Health officials: Arizona COVID-19 triage care again likely

FILE - In this Dec. 2, 2020, file photo, Arizona Republican Gov. Doug Ducey, right, answers a question about the arrival of a COVID-19 vaccine in Arizona as he holds a news conference as Arizona Department of Health Services Director Dr. Cara Christ listens in Phoenix. What began as a single case of a new coronavirus infecting a person affiliated with Arizona State University on Jan. 26 turned into a vast outbreak afflicting hundreds of thousands of Arizonans that had killed nearly 8,000 by the end of the year. The coronavirus pandemic was Arizona's top news story of the year. (AP Photo/Ross D. Franklin, Pool, File)

PHOENIX — Some Arizona hospitals have stopped accepting patients brought to them by ambulance runs and transfers as they scramble to address a backlog of sick people amid a COVID-19 surge, the state's largest hospital chain said Tuesday.
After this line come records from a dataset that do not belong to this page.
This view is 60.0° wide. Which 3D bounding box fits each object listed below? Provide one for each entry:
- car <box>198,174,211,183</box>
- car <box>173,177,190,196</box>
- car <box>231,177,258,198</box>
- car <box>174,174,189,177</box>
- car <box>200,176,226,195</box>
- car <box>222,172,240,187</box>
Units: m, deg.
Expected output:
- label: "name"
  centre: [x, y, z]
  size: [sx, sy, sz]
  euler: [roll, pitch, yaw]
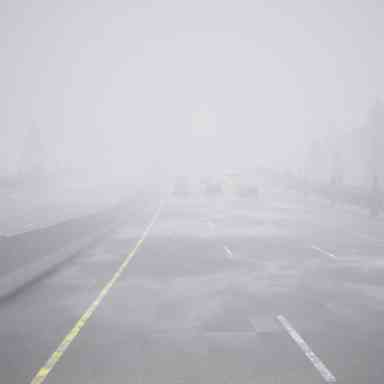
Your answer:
- label: "car"
  centre: [2.016, -1.861, 48.516]
  size: [1.882, 1.535, 5.008]
  euler: [0, 7, -2]
- label: "car"
  centre: [-1.196, -0.452, 37.741]
  size: [2.033, 1.411, 5.357]
  euler: [0, 7, -1]
- label: "car"
  centre: [5.902, -0.336, 36.455]
  size: [1.882, 1.535, 5.008]
  euler: [0, 7, -2]
- label: "car"
  centre: [-1.528, -1.822, 48.087]
  size: [1.882, 1.535, 5.008]
  euler: [0, 7, -1]
- label: "car"
  centre: [2.348, -0.570, 38.240]
  size: [1.882, 1.535, 5.008]
  euler: [0, 7, -2]
- label: "car"
  centre: [5.496, -1.845, 46.442]
  size: [2.150, 2.045, 5.566]
  euler: [0, 7, -2]
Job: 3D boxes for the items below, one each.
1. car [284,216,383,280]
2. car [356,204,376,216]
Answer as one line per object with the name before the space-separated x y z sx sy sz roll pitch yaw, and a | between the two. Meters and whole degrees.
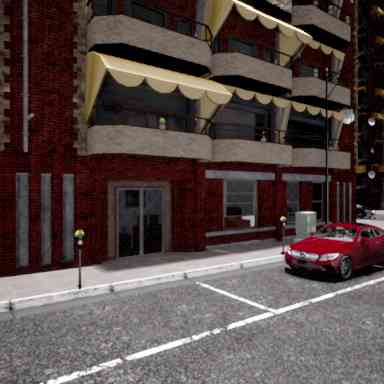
car | 4.569 1.580 9.867 4.206 1.307 1.802 0 0 -35
car | 15.520 1.800 32.910 2.128 1.511 4.902 0 -1 -36
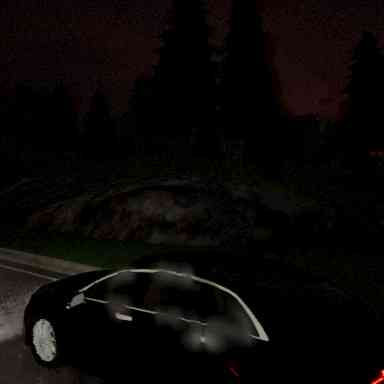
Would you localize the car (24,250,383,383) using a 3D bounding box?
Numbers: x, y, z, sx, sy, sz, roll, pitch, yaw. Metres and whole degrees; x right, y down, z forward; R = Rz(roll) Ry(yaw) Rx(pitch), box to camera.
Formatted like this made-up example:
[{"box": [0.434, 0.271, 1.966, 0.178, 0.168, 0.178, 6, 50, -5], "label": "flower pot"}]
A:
[{"box": [-0.153, 1.504, 4.102, 4.892, 1.490, 1.837, 0, 0, 35], "label": "car"}]
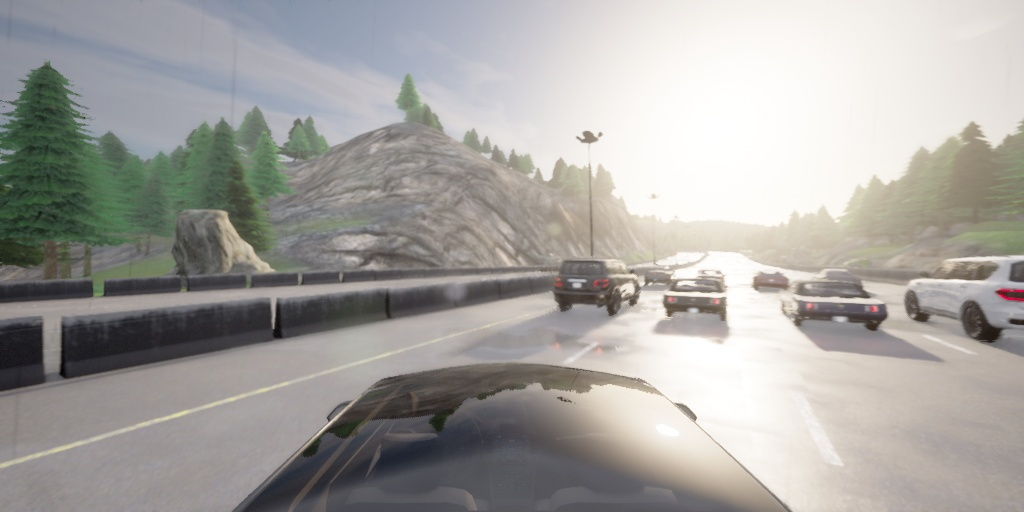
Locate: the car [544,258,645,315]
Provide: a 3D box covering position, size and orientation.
[{"bbox_3d":[3.609,1.115,14.610,2.150,2.045,5.566,-1,-1,31],"label":"car"}]

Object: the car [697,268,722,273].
[{"bbox_3d":[13.714,1.566,24.863,2.033,1.411,5.357,-1,-1,31],"label":"car"}]

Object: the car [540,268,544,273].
[{"bbox_3d":[6.496,2.199,60.972,1.895,1.301,4.718,-1,-1,31],"label":"car"}]

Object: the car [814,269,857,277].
[{"bbox_3d":[20.969,1.537,23.335,1.994,1.385,4.181,-1,-1,31],"label":"car"}]

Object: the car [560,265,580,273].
[{"bbox_3d":[9.646,2.128,59.446,1.994,1.385,4.181,-1,-1,31],"label":"car"}]

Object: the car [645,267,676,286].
[{"bbox_3d":[11.793,1.572,28.452,2.128,1.511,4.902,-1,-1,31],"label":"car"}]

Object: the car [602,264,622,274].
[{"bbox_3d":[15.731,2.018,56.004,1.812,1.442,4.674,-1,-1,31],"label":"car"}]

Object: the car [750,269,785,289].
[{"bbox_3d":[17.965,1.574,25.132,1.994,1.385,4.181,-1,-1,31],"label":"car"}]

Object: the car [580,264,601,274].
[{"bbox_3d":[12.616,2.053,57.606,1.812,1.442,4.674,-1,-1,31],"label":"car"}]

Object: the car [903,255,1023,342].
[{"bbox_3d":[12.696,1.005,9.349,2.150,2.045,5.566,-1,-1,31],"label":"car"}]

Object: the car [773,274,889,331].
[{"bbox_3d":[9.892,1.425,11.466,1.895,1.301,4.718,-1,-1,31],"label":"car"}]

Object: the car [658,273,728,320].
[{"bbox_3d":[6.877,1.462,13.241,1.895,1.301,4.718,-1,-1,31],"label":"car"}]

Banner Health said 10 hospitals were diverting ambulances and transfers to other medical facilities late Monday and six were still doing so early Tuesday. All hospitals continued to accept walk-in patients needing emergency care.

Arizona is grappling with the second highest coronavirus infection rate in the nation. California has the highest.

Moving to keep hospitals from getting further overwhelmed, state officials announced Tuesday that Arizona will include people aged 75 and older — over 534,000 residents — in the second phase of COVID-19 vaccinations. Older adults are more likely to be hospitalized with severe complications from the disease and fill ICU beds.

Prioritizing people 75 and older “will keep a lot of vulnerable people from getting sick,” noted Will Humble, Arizona Public Health Association director and a former state health services director.

Humble said diverting ambulances and patient transfers is not unusual during Arizona's winter months when they are more full due to the flu, but he had never seen more than a couple hospitals undertake the measure at the same time.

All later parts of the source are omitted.